Och komm lasst mich nicht im Stich 
Wo seid ihr SH-Freerider!


----------



## MTB-News.de




----------



## Whiplash01 (17. Juli 2012)

Hallo probiker,

ob ein Freerider in SH nötig ist oder nicht muss jeder selbst für sich endscheiden, daher hast du wohl auch noch keine Antwort bekommen.

Grundsätzlich macht in SH wohl ein AM oder Enduro mehr Sinn, wenn man auch noch Touren mit dem Teil fahren will, aber du willst ja freeriden, also hol die einen Freerider.

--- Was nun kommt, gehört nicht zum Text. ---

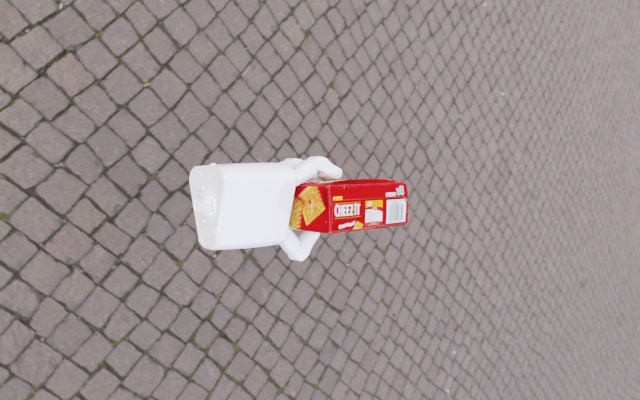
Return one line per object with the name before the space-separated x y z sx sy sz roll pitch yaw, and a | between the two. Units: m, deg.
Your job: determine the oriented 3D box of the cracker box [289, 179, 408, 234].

Malente hattest du ja schon angesprochen und in Hamburg gibt es auch einige freeridetaugliche Strecken.

Ansonsten ist es, vorausgesetzt du bist mobil, in den Harz, z.B. nach Schulenberg auch nicht so weit, lohnt sich als Tagestrip immer. 

Ich wohne z.B. auch in SH, wahrscheinlich sogar in deiner Nähe und habe einen reinen Downhiller, ich fahre aber auch keine Touren, sondern wirklich nur in Malente oder in Bikeparks.

Also, schau dir Malente einfach mal an und dann endscheide was du willst.

Cheers


----------



## probiker5 (17. Juli 2012)

> Ich wohne z.B. auch in SH, wahrscheinlich sogar in deiner Nähe und habe einen reinen Downhiller, ich fahre aber auch keine Touren, sondern wirklich nur in Malente oder in Bikeparks.


Wie oft bist du denn überhaupt mit deinem Downhiller im Jahr unterwegs? ''Nur'' am Wochenende mal nach Malente fahren?

Zwei, drei Mal im Jahr kann man ja auch nach Winterberg, Willingen oder in den Harz fahren und dort biken gehen. Aber hauptsächlich möchte ich hier im Norden bleiben und hier die Trails und Berge runterbrettern.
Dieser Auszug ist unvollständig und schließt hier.